[[ DATA open ]]

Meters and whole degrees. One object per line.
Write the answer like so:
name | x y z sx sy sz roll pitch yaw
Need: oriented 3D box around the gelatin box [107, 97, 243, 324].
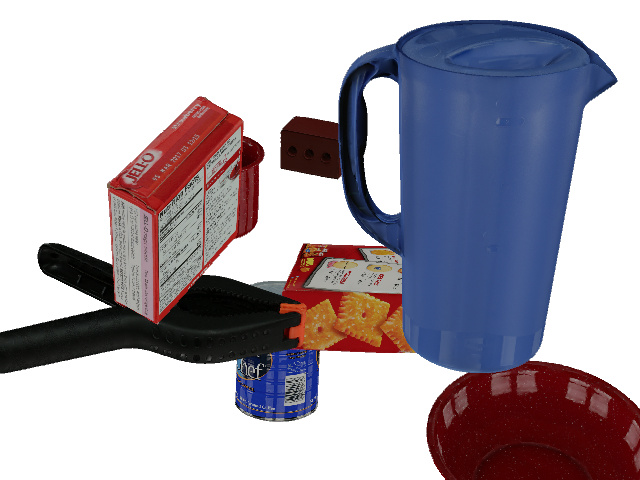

[[ DATA closed ]]

WORK REQUEST: Once the line with "Write the answer" is found, write out that line and every later line of the listing above exactly, through the last one, and skip any pictures.

ANSWER TO THIS PROBLEM:
Write the answer like so:
name | x y z sx sy sz roll pitch yaw
Need: oriented 3D box around the gelatin box [107, 97, 243, 324].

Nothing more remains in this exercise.